Now, let's take the negative reconstruction log probability, and draw a ROC curve across the range to see how it would perform if we were to build a threshold-based fraud detector on it.

In [None]:
fpr, tpr, thresh = roc_curve(Y, x_log_prob)
auc = roc_auc_score(Y, x_log_prob)

plt.plot(fpr,tpr,label="linear in-sample, auc="+str(auc))
plt.title('VAE roc curve - training')
plt.ylabel('True Positive Rate')
plt.xlabel("False Positive Rate")
plt.legend(loc='best')
plt.show()

## **VAE vs SVM**

In [None]:
from sklearn import svm
clf = svm.SVC(gamma='scale')
clf.fit(X, Y)
auc = roc_auc_score(Y, clf.predict(X))

plt.plot(fpr,tpr,label="linear in-sample, auc="+str(auc))
plt.title('SVM roc curve - training')
plt.ylabel('True Positive Rate')
plt.xlabel("False Positive Rate")
plt.legend(loc='best')
plt.show()

## **Evaluation on Test**

In [None]:
x_test_log_prob = reconstruction_log_prob(data_test.drop(['Class'], axis = 1).values, reconstruct_samples_n)
test_y = data_test["Class"].values

fpr, tpr, thresh = roc_curve(test_y, x_test_log_prob)
auc = roc_auc_score(test_y, x_test_log_prob)

plt.plot(fpr,tpr,label="linear in-sample, auc="+str(auc))
plt.title('VAE roc curve - test')
plt.ylabel('True Positive Rate')
plt.xlabel("False Positive Rate")
plt.legend(loc='best')
plt.show()

In [None]:
auc = roc_auc_score(test_y, clf.predict(data_test.drop(['Class'], axis = 1).values))

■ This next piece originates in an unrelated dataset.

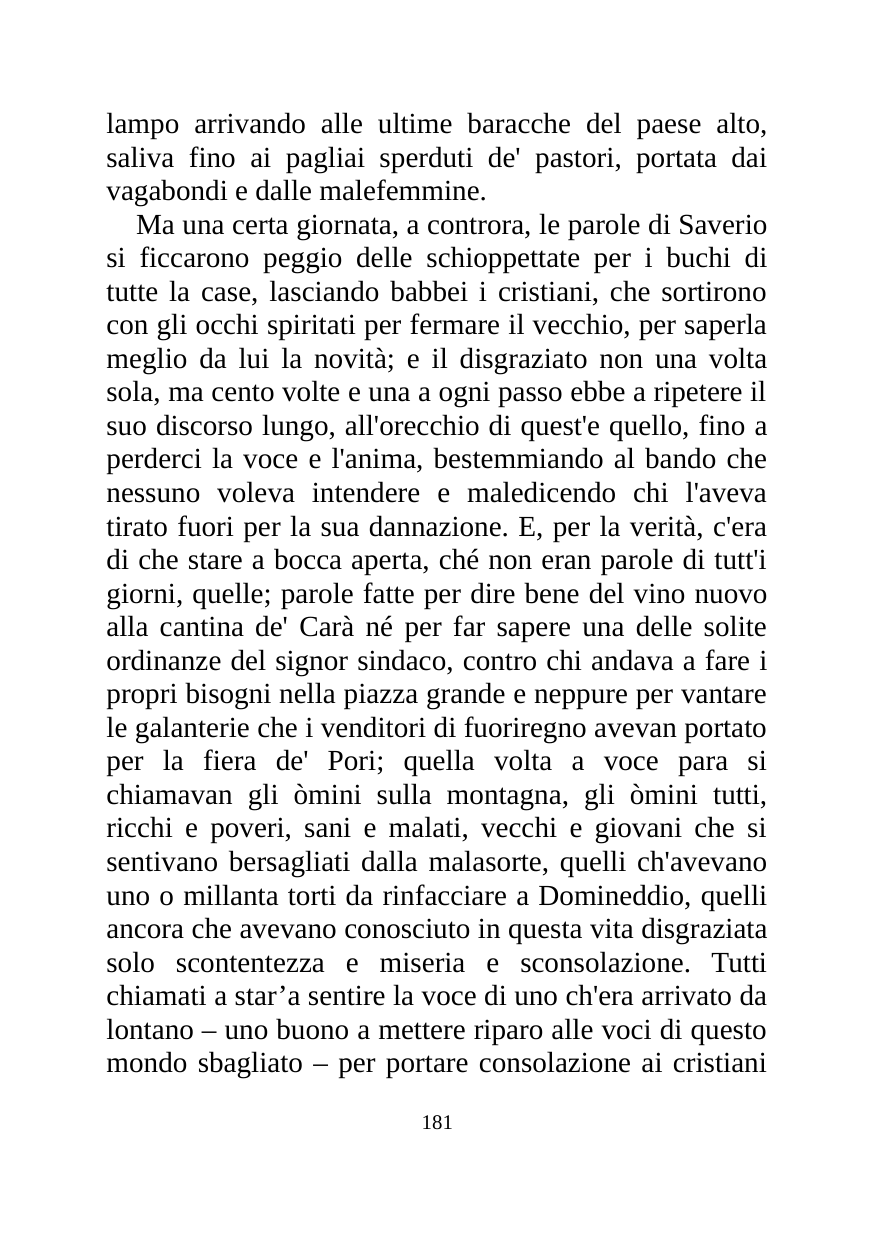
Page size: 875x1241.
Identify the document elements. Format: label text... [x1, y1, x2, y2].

text lampo arrivando alle ultime baracche del paese alto, saliva fino ai pagliai sperduti de' pastori, portata dai vagabondi e dalle malefemmine. [106, 106, 768, 207]
text Ma una certa giornata, a controra, le parole di Saverio si ficcarono peggio delle schioppettate per i buchi di tutte la case, lasciando babbei i cristiani, che sortirono con gli occhi spiritati per fermare il vecchio, per saperla meglio da lui la novità; e il disgraziato non una volta sola, ma cento volte e una a ogni passo ebbe a ripetere il suo discorso lungo, all'orecchio di quest'e quello, fino a perderci la voce e l'anima, bestemmiando al bando che nessuno voleva intendere e maledicendo chi l'aveva tirato fuori per la sua dannazione. E, per la verità, c'era di che stare a bocca aperta, ché non eran parole di tutt'i giorni, quelle; parole fatte per dire bene del vino nuovo alla cantina de' Carà né per far sapere una delle solite ordinanze del signor sindaco, contro chi andava a fare i propri bisogni nella piazza grande e neppure per vantare le galanterie che i venditori di fuoriregno avevan portato per la fiera de' Pori; quella volta a voce para si chiamavan gli òmini sulla montagna, gli òmini tutti, ricchi e poveri, sani e malati, vecchi e giovani che si sentivano bersagliati dalla malasorte, quelli ch'avevano uno o millanta torti da rinfacciare a Domineddio, quelli ancora che avevano conosciuto in questa vita disgraziata solo scontentezza e miseria e sconsolazione. Tutti chiamati a star’a sentire la voce di uno ch'era arrivato da lontano – uno buono a mettere riparo alle voci di questo mondo sbagliato – per portare consolazione ai cristiani [106, 207, 768, 1079]

plt.plot(fpr,tpr,label="linear in-sample, auc="+str(auc))
plt.title('SVM roc curve - test')
plt.ylabel('True Positive Rate')
plt.xlabel("False Positive Rate")
plt.legend(loc='best')
plt.show()

- The VAE hidden layer design has room for improvement.
- Hyperparameter tuning can be added.